By late 1909 May was appearing in a routine called Silk Attire, which was basically the old monologue about her adventures with Hope and Strong. She played Atlantic City and other venues. She settled back in Oregon to establish residency so that she could formally divorce Strong. She filed papers, and without any response or dispute from Strong, the divorce was ordered by the Circuit Court of the State of Oregon on April 25, 1910.
That summer, May got help and encouragement from Evelyn Nesbit Thaw to get back on the stage. Said May, “I’m going back to the stage to show them I’m not a has-been.”18 She lined up appearances in San Francisco. They were in small venues, cafes, and restaurants. Performing in one she was singing “Bring me a Rose” and had reached the words “I’m so tired of violets; take them all away” when she was stricken with a paralytic attack and literally fell off her chair. Physicians came to her aid, and though the effects seemed temporary, she was incapable of performing. Public attention again came her way, pointing to the unlucky diamond and to her failed marriages. One newspaper, heralding her demise, headlined its story “May Yohe nearing the end o
f a career speckled with sin.”19
May recovered and rumors of another marriage surfaced almost immediately. Now she was supposed to have married F. M. Reynolds, a musician in a touring musical comedy company. Reynolds denied the marriage.
In 1910, another chapter in the Hope diamond tale was added when it came into the possession of the Cartier brothers. Pierre, Louis, and Jacques were prominent Parisian jewelers with a prestigious list of royal and wealthy customers from Europe, India, and America.
The brothers were at the center of yet another Orientalist period of jewelry design, fashion, and cultural movement in Europe. Things Indian were all the rage. The brothers were familiar with the Indian origins of the Hope diamond, Tavernier’s diaries, and Indian gemological texts recently translated from Sanskrit into French. The Cartiers were also intrigued with Wilkie Collins’ The Moonstone. They took the tale of the cursed yellow moonstone and grafted it anew onto the 1909 London Times article about the unlucky blue diamond to craft their exotic story of the Hope diamond for one of their American customers—Evalyn Walsh McLean.
May Yohe as a vaudeville actress, c. 1909. (photo credit 11.2)
May Yohe on the vaudeville circuit, c. 1910, with a 1926 inscription and signature. (photo credit 11.3)

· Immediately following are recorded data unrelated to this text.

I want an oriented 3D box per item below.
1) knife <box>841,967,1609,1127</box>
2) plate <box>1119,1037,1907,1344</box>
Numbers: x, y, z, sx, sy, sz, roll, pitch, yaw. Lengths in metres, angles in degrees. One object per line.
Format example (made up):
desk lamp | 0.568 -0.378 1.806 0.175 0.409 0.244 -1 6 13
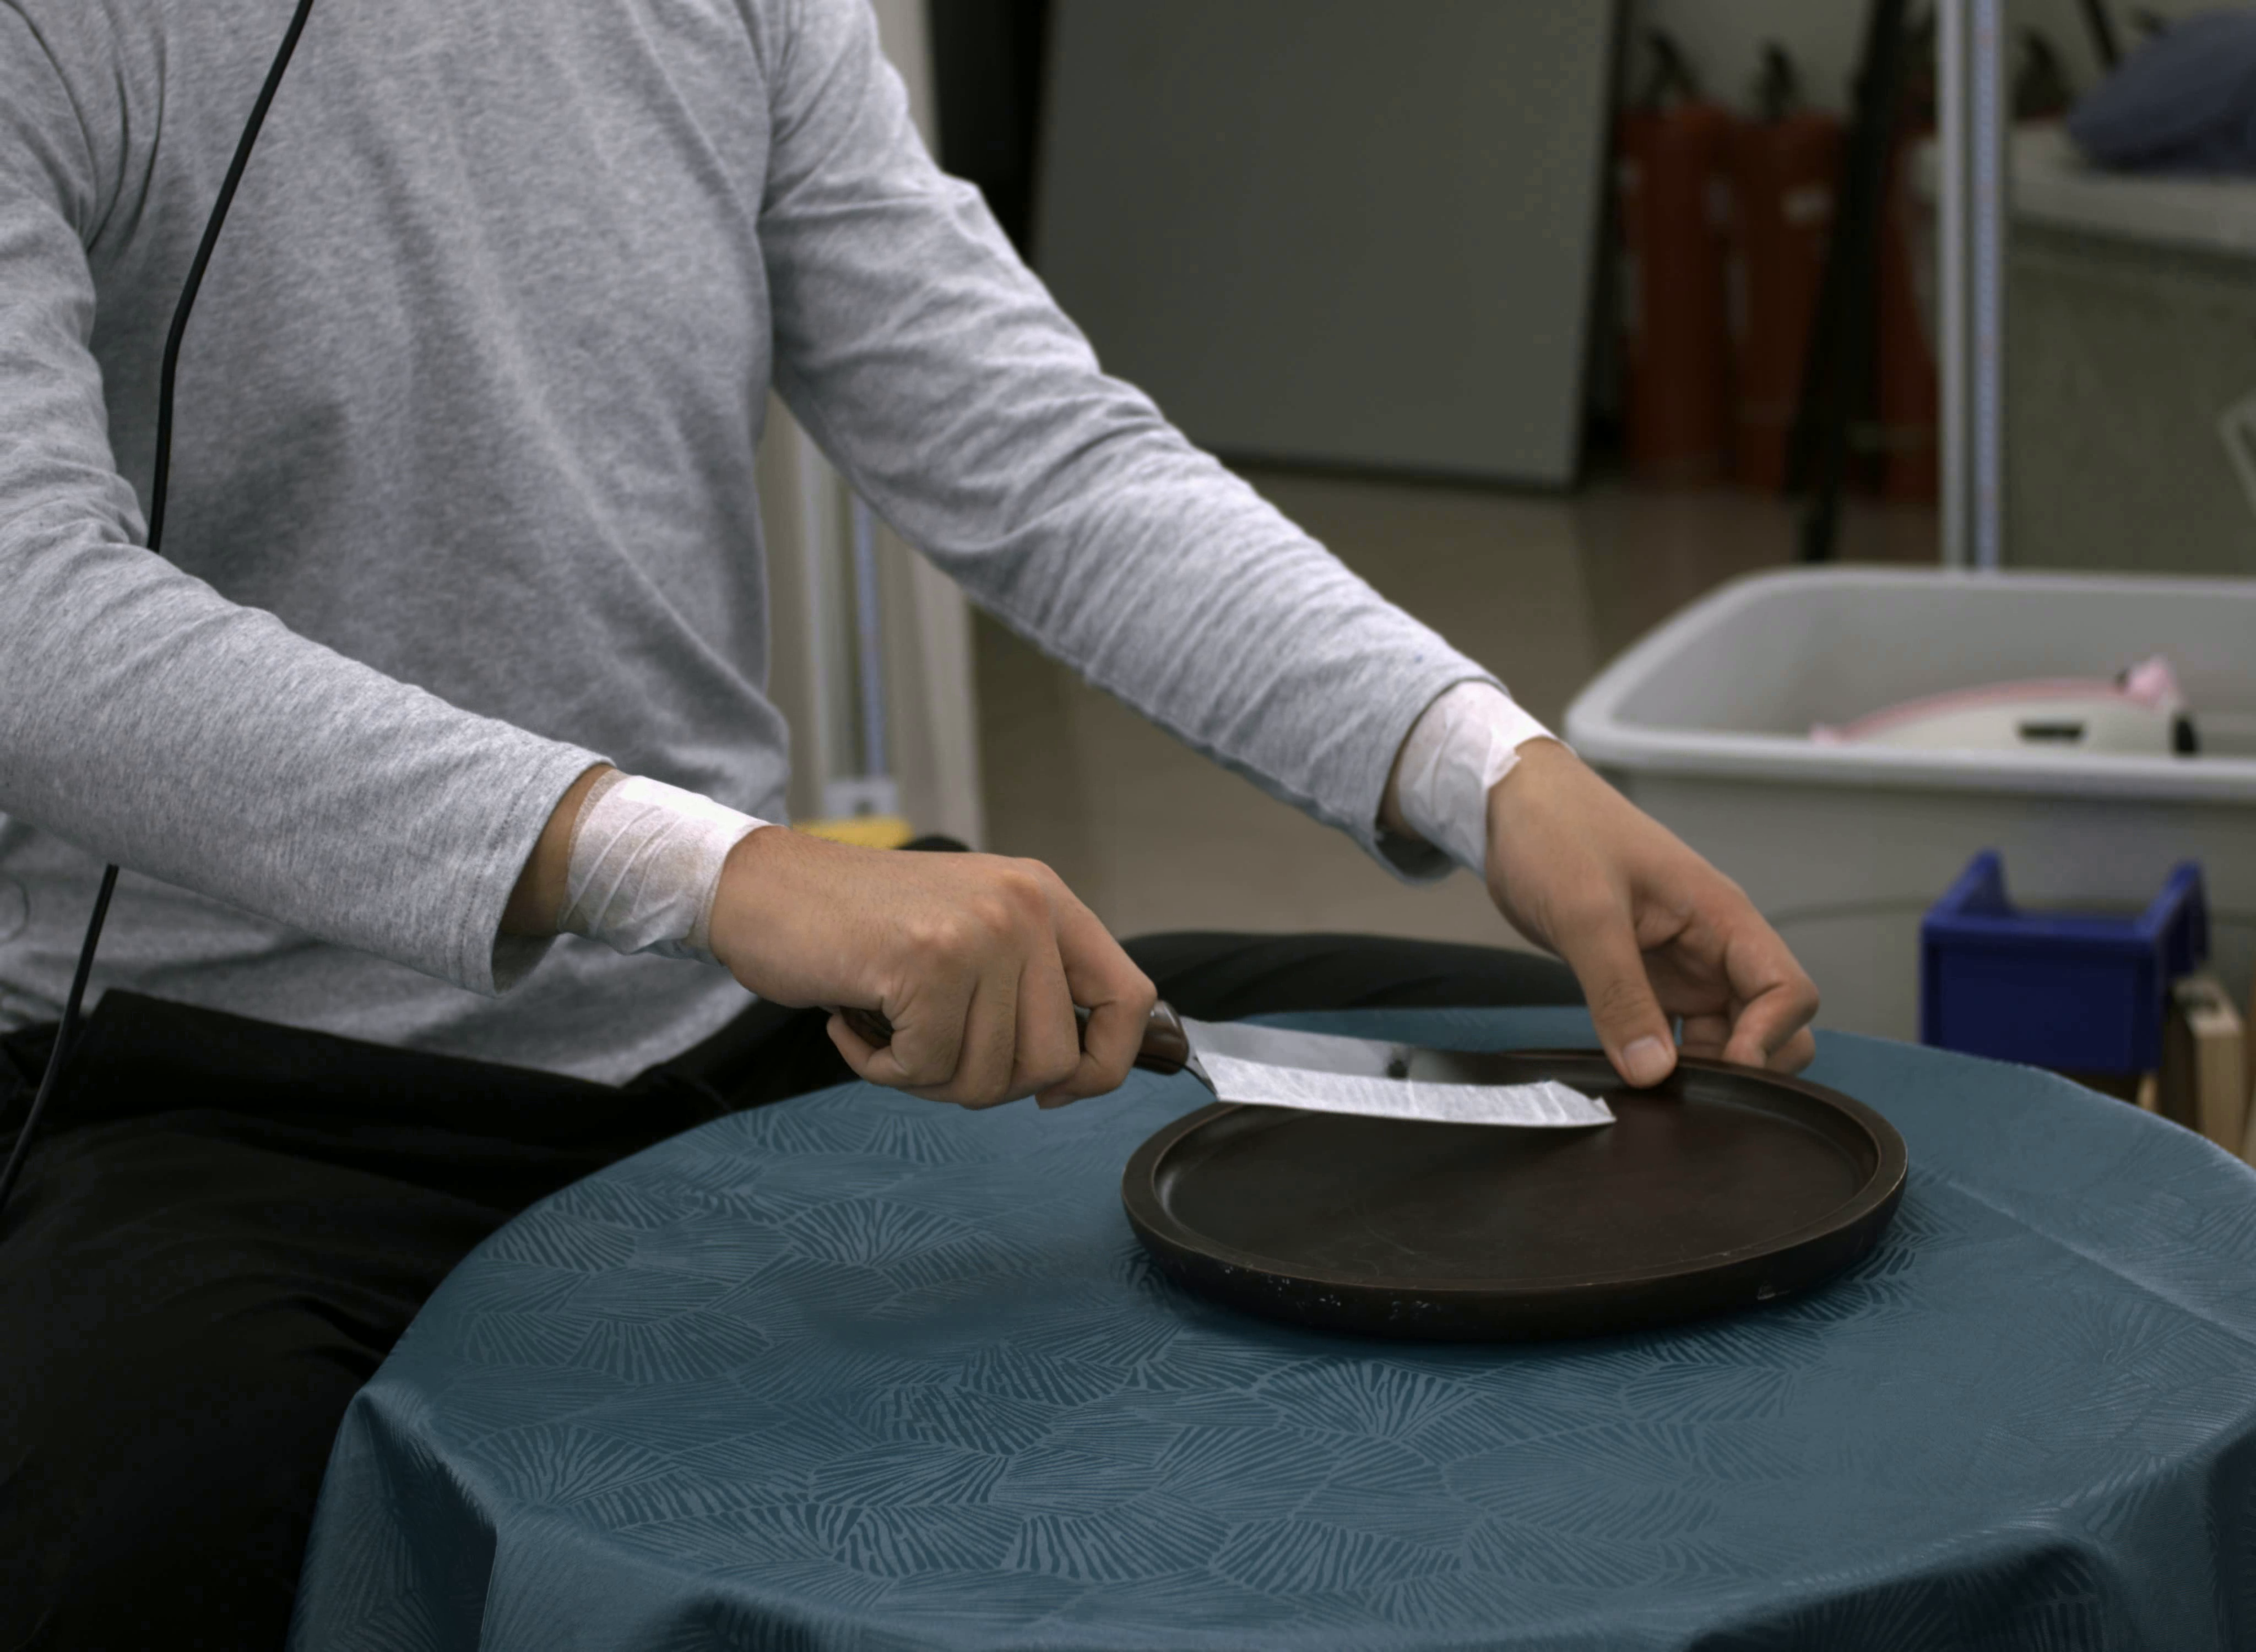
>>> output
knife | 0.037 0.073 1.708 0.282 0.020 0.051 10 31 -30
plate | 0.122 0.116 1.709 0.251 0.029 0.255 -6 14 1

Evalyn and her husband Edward (“Ned”) were vacationing in France, staying at the Hotel Bristol in Paris in September 1910. The couple was in their mid-twenties, alcoholic, very spoiled, and very wealthy. Ned McLean was the son of the affluent owners of the Washington Post. Evalyn was the daughter of Thomas Walsh, a gold miner who struck it very rich and was called “the Colorado Monte Cristo.” Pierre Cartier knew the couple; his firm had sold them the “Star of the East,” a 94¾ carat diamond, for $120,000 during their honeymoon two years earlier.